Everton’s FA Cup output at home to Bournemouth last weekend means that the club’s waiting time for a trophy will go over 30 years. Liverpool has won 16 trophies in that time. The last Goodison Derby on Wednesday night has tremendous importance. Arne Slot’s side is desperate after maintaining their push for the title by expanding their lead to nine points. Everton, resumed under David Moyes, knows that a few slides could throw them back in a fight for survival.

Arne Castle knows that a win for his side will take Liverpool nine points ready at the top of the league

Arne Castle knows that a win for his side will take Liverpool nine points ready at the top of the league

But David Moyes will be desperate after Everton wins the last Merseyside Derby at Goodison Park

But David Moyes will be desperate after Everton wins the last Merseyside Derby at Goodison Park

The winning team’s fans will have permanent praise rights on their Goodison Supremacy, where Liverpool and Everton each won 41 Derby matches on Goodison, with 37 drawn. The memory of it on Tuesday observed Moyes: ‘The most important thing is to get a win to keep us in the Premier League.’

Destinies for the local fans of the two clubs are intertwined as always. Everton’s move to a stadium on the banks of Mersey at Bramley-Moore Dock proves a catalyst for the most significant dockside regeneration in the city since Albert Dock’s redevelopment in the 1980s.

Everyone in the city will take advantage of the shared wealth.

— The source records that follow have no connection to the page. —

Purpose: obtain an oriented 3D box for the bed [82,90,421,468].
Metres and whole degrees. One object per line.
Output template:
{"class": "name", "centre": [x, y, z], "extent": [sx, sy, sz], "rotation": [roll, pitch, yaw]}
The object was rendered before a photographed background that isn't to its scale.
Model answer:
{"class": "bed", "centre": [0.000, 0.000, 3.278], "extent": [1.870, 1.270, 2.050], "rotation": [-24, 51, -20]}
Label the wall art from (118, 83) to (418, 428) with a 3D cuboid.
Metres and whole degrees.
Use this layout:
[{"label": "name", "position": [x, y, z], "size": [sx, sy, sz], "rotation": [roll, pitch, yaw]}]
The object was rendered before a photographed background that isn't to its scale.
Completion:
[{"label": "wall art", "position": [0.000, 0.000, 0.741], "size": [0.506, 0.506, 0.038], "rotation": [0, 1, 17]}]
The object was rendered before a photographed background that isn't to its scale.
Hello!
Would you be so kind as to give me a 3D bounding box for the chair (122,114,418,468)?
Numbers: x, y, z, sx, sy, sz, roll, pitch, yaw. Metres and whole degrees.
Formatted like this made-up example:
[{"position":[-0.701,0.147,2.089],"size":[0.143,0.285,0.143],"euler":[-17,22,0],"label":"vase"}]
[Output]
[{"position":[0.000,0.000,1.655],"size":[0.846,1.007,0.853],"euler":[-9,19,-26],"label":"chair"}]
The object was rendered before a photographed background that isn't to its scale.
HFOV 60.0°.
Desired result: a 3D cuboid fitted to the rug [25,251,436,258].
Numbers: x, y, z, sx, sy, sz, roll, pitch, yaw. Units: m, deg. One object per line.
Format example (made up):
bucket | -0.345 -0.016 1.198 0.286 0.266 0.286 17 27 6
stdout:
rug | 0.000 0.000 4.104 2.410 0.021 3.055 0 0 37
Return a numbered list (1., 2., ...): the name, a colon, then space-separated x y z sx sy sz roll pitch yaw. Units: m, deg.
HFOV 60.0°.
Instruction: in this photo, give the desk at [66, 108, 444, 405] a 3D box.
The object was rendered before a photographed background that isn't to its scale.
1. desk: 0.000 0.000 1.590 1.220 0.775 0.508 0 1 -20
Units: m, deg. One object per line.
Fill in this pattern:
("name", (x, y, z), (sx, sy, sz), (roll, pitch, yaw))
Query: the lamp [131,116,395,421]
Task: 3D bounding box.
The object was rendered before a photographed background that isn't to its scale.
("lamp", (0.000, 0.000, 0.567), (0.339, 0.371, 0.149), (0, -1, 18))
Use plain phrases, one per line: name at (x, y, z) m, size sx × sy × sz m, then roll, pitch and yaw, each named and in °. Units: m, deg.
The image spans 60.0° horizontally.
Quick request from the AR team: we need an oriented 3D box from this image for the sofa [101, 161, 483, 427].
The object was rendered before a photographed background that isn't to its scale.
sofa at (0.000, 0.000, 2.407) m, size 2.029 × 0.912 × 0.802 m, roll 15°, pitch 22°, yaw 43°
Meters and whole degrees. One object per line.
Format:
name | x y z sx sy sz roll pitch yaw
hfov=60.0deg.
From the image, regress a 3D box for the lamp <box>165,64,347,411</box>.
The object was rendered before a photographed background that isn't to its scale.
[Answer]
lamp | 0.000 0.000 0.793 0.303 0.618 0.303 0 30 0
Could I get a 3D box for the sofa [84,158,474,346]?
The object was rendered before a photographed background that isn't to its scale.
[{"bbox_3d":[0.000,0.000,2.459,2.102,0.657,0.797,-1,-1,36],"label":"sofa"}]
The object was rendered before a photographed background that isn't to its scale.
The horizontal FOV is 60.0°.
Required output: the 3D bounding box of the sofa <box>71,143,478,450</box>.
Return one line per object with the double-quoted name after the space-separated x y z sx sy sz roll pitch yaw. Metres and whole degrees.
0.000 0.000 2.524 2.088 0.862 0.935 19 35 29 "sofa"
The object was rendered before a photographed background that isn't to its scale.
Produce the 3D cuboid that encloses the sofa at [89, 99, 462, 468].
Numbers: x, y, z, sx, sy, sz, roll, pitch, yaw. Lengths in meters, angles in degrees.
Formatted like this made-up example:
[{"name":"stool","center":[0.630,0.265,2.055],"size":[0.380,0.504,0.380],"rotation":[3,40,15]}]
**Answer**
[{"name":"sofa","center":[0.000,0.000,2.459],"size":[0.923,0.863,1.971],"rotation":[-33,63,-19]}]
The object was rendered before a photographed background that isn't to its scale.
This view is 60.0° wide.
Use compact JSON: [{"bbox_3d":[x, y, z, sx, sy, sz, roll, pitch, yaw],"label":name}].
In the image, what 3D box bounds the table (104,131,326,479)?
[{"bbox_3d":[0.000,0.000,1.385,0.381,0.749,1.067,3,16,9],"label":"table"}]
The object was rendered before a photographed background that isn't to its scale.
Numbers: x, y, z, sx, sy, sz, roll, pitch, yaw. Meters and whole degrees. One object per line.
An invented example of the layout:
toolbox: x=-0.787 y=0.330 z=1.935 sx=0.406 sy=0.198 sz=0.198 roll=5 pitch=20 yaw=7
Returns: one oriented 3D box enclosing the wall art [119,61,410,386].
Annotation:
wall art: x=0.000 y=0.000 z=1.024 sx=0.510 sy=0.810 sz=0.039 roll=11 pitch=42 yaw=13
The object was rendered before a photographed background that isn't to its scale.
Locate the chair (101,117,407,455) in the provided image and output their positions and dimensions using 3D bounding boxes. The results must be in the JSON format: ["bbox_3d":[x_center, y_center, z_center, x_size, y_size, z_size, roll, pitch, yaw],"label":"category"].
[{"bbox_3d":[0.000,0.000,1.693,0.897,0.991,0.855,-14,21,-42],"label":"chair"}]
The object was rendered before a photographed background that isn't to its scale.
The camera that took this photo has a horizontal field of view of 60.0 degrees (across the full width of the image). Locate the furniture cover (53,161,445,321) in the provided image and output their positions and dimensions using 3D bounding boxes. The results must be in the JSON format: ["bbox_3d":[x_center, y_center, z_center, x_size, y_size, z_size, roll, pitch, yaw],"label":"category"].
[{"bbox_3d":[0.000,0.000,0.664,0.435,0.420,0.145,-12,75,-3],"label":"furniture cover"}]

Just don’t bother trying to tell it to the contemporary disseminations of the bile and despite. One of them was more interested in filming Reid after he took a few drinks Monday night and shared the footage at X. Reid laughed it off, but it will have stabbed. More proof that no one would dry Salah anywhere near an Everton shirt.

More proof Sir Jim is out of his depth

The case of Sir Jim Ratcliffe Seving Relationship with almost any elite sports team he hardly touches. The All Blacks are now suing ineos prematurely to end a six-year commercial relationship.

I have touched on Sir Jim’s hugely over -earned opinion of himself more than once before. If you can meet wade through the book Grit, Rigor & Humor:

The Ineos story, a boring hagiography that Sir Jim likes to show in some of his offices, you get the picture. After letting Sir Ben Ainslie know that he is not judging his sailing so much and not respecting one of the big teams in world sports, this seems like a moment for the truths of the home.

I’m sorry, Sir Jim, but success in sports is pretty more complicated than fracking. Meanwhile, God helps Manchester United.

Ineos is sued by all blacks and man the United parts owner looks out of its depth

Ineos is sued by all blacks and man the United parts owner looks out of its depth

Kerr -Court Case Raises Police’s Concerns

The trial and acquittal of Sam Kerr, Chelsea -Kvinden’s footballer, who is accused of racing a MET officer, suggests that the police force has lost their senses.

The jury was asked to believe that the male officer, poor flowers, felt ‘alarm or harassment’ because Kerr called him ‘white and stupid’.

Wounded feelings he initially forgot to mention. Kerr apologized immediately. It should have been the end of it.